Ainsi, la société Arqana a, par erreur, publié un de nos anciens visuels où apparaissaient les coordonnées de M. [R] et de MMe [G]. Nous les avons contactés immédiatement par téléphone mais le catalogue était déjà publié et envoyé. Ils ont supprimé les anciens visuels afin que cela ne se reproduise plus. »

M. [R], qui disposait d'une adresse professionnelle Dodson & [H] (jcurtindodsonandhorrell.com), ne conteste pas avoir choisi de communiquer avec les clients par l'entremise de son adresse email personnelle ([Courriel 6]) ainsi que via une adresse

de réception wanadoo ([Courriel 5]), accessible aux autres salariés de la succursale française. En outre, il avait pris la décision de convertir la ligne téléphonique de la société Dodson & [H] en une ligne téléphonique personnelle. Cette démarche, initiée par M. [R] avait nécessairement rendu plus difficile pour la société l'organisation d'un intérim mettant ce dernier à l'abri de toute sollicitation, en dépit des initiatives dont elle a abondamment justifié.

M. [R] présente l'avertissement notifié par son employeur le 23 mai 2017 comme harcelant au motif principal qu'il aurait 'osé initier une démarche de demande de reconnaissance professionnelle'. L'employeur objecte à bon droit que cet avertissement a été établi au regard de plusieurs séries de faits, dont notamment l'utilisation de la carte bancaire de la société pendant la suspension de son contrat de travail, pour réaliser des dépenses de restauration et d'essence, ou encore l'achat d'un téléphone portable d'un montant de 807,89 euros, sans solliciter l'accord de la société, ni même l'en informer (dépenses dont l'employeur justifie dans ses pièces). Du reste, le salarié n'a jamais sollicité l'annulation de cette sanction disciplinaire.

S'agissant de l'état de santé de M. [R], dont ce dernier attribue l'origine à un harcèlement moral de la société, celle-ci justifie de ce que le conseil de l'ordre des médecins du Calvados a enjoint le médecin traitant de M.[R] de remettre de nouveaux certificats médicaux, se substituant aux précédents et ne faisant plus apparaître la mention 'burn out professionnel'. Ainsi, les pièces médicales versées aux débats ne contiennent aucune indication permettant d'avérer que la dégradation de sa santé du salarié serait précisément imputable à une attitude harcelante de l'employeur. Il en résulte que les certificats médicaux produits aux débats par M. [R] se limitent à constater un syndrome dépressif, sans pour autant pouvoir déterminer la cause de cette affection. En outre, la société fait justement observer qu'aux termes de son avis d'inaptitude du 13 juin 2017, le médecin du travail n'a pas coché la case « maladie professionnelle », imputant l'inaptitude du salarié à une maladie non professionnelle (sa pièce n°24).
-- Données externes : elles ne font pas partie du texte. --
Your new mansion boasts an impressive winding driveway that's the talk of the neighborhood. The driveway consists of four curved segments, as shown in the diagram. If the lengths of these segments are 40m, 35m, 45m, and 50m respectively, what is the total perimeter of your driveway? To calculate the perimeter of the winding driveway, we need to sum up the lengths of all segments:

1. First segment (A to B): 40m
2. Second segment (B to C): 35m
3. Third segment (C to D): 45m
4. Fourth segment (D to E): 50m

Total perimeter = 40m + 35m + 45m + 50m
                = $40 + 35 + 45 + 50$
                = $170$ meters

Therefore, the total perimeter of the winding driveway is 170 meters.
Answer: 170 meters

M. [R] a établi une déclaration de maladie professionnelle en date du 17 octobre 2016. La société justifie avoir émis toutes réserves auprès de la CPAM sur le caractère professionnel de l'affection déclarée par le salarié, par courrier recommandé du 16 novembre 2016, dès lors que les conclusions médicales étaient fondées sur les seules déclarations de ce dernier. Néanmoins en raison d'une erreur d'adressage de la caisse, la société n'a reçu la lettre de clôture de l'instruction que quelques jours avant l'expiration du délai imparti aux parties pour consulter le dossier et émettre des observations. Dans ces conditions, le TASS de [Localité 7], par jugement du 25 novembre 2019, a déclaré inopposable à la société Dodson et [H] la décision de la caisse primaire d'assurance-maladie du Calvados de prise en charge, au titre de la législation sur les risques de la maladie déclarée le 11 août 2016 par M. [R]. La seule reconnaissance de l'origine professionnelle de la maladie, dans les conditions ci-dessus rappelées, ne peut apparaître comme étant consécutive à une situation de harcèlement moral.

Il résulte de tout ce qui précède que la société Dodson et [H] apporte des justifications objectives à ses agissements. Le harcèlement moral n'est pas établi et dès lors la demande de dommages-intérêts de ce chef sera rejetée. De même, il ne saurait être retenu que l'inaptitude de M. [R] s'est révélée imputable à un harcèlement moral et la demande de nullité du licenciement sera rejetée de même que la demande indemnitaire de ce chef.

- Sur le manquement à l'obligation de sécurité

S'il a été abondamment exposé ci-dessus qu'aucun harcèlement moral n'était caractérisé à la charge de la société, il reste que celle-ci ne conteste pas n'avoir organisé aucune visite médicale d'embauche, ni suivi médical, ni aucun entretien individuel pour évoquer la charge de travail.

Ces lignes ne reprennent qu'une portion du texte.